The idea for Hate Hurts sprung from one of the co-authors' experience with her own child after the Columbine shooting and a subsequent conversation she had with B&N chairman Len Riggio. "I went in search of this book and it didn't exist," said Caryl Stern-LaRosa, an educator with the ADL for over 20 years. When Stern-LaRosa told Riggio that there was no such book as a "parents' primer against hate", she said he asked her why she hadn't written it yet.

Shortly after that Riggio brought Scholastic into the mix and editor-in-chief Jean Feiwel got involved. "It developed from there," said Feiwel. "It happened last fall and we've been on a breakneck schedule ever since." The first printing is 50,000 copies. Hate Hurts will be available at all B&N stores and at barnesandnoble.com, along with other bookstores and online retailers.
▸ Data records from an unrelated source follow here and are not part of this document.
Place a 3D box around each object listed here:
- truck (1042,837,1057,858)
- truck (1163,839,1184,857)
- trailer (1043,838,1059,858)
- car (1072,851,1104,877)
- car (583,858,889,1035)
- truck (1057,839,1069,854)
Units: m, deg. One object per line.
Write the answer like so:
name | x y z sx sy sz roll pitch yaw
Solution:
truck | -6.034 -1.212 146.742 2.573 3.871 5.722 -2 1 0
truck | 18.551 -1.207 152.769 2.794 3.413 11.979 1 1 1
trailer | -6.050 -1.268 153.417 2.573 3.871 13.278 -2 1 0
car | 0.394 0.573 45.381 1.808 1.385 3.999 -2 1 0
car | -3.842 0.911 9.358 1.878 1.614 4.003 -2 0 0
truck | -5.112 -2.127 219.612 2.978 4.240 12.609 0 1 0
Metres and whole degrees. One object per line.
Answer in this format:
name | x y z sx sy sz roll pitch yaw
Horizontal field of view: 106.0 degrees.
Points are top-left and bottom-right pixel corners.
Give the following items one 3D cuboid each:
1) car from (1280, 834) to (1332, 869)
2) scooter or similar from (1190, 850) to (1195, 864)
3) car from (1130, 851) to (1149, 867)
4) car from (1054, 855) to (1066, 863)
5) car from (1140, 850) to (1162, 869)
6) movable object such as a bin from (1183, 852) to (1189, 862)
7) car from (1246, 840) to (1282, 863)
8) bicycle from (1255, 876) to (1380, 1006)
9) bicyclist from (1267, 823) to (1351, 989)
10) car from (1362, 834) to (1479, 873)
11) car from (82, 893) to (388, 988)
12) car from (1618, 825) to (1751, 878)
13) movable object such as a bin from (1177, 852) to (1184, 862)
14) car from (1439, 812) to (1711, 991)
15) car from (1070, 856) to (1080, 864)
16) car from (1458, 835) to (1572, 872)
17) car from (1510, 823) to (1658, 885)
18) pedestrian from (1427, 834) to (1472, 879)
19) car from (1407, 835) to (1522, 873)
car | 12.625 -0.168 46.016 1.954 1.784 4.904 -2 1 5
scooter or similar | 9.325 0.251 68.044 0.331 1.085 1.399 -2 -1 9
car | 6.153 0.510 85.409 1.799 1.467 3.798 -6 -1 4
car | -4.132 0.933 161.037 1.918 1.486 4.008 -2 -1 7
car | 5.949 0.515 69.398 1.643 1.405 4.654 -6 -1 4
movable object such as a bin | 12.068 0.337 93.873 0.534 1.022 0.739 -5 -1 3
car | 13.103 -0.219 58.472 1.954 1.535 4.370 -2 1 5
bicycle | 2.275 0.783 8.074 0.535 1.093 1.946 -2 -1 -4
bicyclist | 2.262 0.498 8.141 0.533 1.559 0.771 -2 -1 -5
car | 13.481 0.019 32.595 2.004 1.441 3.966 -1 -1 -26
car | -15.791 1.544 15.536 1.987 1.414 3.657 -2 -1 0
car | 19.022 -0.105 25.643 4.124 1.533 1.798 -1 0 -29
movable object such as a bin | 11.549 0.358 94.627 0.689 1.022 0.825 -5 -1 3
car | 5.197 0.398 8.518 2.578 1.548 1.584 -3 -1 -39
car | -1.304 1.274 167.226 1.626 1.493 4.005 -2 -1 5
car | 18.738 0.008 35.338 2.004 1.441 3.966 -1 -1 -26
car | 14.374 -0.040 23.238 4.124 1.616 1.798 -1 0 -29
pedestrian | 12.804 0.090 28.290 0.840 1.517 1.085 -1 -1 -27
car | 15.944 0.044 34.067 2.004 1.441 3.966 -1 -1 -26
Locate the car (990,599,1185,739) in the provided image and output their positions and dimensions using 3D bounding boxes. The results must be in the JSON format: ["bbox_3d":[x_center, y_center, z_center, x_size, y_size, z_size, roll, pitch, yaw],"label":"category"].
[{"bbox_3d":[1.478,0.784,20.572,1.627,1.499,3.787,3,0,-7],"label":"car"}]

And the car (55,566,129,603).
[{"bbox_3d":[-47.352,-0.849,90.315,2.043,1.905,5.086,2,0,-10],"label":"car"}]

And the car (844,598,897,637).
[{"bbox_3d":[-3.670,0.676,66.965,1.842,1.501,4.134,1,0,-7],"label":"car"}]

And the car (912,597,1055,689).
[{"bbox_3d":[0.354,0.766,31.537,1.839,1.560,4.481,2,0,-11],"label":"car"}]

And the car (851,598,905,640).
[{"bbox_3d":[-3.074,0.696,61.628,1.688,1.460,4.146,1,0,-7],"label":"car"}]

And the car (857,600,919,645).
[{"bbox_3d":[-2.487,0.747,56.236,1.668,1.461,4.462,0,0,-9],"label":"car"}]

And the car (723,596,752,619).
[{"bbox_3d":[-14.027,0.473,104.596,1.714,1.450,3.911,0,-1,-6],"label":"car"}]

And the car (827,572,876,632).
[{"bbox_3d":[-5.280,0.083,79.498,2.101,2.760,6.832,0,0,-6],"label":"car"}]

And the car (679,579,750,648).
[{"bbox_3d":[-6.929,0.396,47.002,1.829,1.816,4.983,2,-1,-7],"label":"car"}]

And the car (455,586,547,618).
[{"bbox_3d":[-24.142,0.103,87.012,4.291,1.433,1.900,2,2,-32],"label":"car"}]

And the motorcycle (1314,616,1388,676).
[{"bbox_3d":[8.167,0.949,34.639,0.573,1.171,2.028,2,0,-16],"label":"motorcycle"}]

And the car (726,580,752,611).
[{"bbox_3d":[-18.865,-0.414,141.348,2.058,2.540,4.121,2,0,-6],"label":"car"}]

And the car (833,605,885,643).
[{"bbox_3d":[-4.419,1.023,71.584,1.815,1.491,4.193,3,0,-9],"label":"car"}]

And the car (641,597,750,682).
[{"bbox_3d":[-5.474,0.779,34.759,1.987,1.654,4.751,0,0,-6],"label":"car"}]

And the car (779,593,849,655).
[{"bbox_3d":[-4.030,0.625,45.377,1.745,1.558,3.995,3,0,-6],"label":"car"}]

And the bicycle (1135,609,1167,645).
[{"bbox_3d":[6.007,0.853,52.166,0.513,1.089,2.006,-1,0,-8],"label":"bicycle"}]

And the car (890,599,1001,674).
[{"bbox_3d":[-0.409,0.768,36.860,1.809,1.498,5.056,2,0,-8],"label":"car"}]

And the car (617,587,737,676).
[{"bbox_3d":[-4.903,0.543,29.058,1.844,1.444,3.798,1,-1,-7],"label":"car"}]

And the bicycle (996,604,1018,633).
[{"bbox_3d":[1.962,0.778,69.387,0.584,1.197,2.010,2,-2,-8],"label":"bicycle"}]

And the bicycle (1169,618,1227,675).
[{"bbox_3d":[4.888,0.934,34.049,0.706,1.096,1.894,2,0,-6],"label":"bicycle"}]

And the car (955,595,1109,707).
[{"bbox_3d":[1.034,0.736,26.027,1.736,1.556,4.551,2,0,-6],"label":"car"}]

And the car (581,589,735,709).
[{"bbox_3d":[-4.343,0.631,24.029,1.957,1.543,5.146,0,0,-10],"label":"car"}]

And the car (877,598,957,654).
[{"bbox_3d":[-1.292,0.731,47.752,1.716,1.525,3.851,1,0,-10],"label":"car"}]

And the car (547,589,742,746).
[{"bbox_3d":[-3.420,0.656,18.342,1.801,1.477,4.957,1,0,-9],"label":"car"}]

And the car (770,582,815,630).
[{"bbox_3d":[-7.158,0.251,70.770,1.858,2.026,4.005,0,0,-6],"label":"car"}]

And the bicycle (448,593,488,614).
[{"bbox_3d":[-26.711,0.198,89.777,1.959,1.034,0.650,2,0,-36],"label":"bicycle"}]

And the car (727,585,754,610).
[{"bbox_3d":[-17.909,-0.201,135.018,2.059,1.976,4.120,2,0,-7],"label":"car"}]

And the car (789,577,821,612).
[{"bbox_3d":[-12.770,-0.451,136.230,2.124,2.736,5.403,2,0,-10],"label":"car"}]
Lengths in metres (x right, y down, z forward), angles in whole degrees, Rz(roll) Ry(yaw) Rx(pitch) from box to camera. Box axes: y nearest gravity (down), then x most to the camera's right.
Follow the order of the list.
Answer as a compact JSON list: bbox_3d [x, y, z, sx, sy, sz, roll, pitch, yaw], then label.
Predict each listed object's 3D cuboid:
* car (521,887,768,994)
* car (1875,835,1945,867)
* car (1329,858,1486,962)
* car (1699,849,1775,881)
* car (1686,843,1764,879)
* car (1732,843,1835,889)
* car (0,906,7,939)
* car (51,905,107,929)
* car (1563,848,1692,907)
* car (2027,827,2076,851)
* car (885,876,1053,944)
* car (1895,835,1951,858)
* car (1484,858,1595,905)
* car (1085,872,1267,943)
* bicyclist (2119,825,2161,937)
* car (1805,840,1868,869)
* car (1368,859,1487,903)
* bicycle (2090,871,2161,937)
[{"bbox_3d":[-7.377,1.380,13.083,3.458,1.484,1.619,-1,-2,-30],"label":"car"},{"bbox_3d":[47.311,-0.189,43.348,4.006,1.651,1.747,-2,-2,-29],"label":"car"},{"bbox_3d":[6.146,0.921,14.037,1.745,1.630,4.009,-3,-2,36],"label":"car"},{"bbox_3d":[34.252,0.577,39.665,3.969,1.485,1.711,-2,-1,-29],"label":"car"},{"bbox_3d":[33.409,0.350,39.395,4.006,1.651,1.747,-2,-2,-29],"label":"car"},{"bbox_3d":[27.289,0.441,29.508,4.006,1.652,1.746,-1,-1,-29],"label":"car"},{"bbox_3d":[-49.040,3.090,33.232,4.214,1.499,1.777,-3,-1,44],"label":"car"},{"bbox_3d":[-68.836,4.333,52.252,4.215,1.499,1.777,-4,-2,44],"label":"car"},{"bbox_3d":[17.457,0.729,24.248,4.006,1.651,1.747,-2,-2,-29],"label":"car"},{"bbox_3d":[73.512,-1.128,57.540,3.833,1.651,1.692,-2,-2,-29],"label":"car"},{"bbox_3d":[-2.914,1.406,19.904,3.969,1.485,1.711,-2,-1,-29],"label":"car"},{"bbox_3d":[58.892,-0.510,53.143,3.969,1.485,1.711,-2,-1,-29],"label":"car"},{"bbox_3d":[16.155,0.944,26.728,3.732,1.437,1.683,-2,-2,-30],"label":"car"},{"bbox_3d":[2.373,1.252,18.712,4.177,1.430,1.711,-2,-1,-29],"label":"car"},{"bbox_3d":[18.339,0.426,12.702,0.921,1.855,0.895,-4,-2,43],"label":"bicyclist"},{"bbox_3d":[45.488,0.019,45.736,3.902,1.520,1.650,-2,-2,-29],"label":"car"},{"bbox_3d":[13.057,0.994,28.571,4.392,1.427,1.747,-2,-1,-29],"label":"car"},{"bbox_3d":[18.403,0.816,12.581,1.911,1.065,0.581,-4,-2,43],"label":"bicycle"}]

All 550-plus B&N stores will prominently feature tolerance titles this month. Riggio told PW that he hopes to create a new bookselling section that publishers would want to publish titles for, much as it did for children with disabilities ten years ago (a special project directed by brother Steve Riggio, who has a child with Downs Syndrome). "I think in the long run we'll do some good here," said Len Riggio. "We hope we might be able to see a spate of publishing in this area. And we think it is the booksellers' answer to censorship."

Along with Hate Hurts, the Close the Book on Hate campaign includes a book list of 150 tolerance-teaching titles, among them Walking with the Wind by John Lewis, Anne Frank Remembered by Miep Gies and Heather Has Two Mommies by Leslea Newman.

The ADL and B&N will sponsor events around the country for its campaign that will draw on whatever star power that is available. Former senator Bill Bradley has already signed on as honorary chairman of Closing the Book on Hate and others are welcome.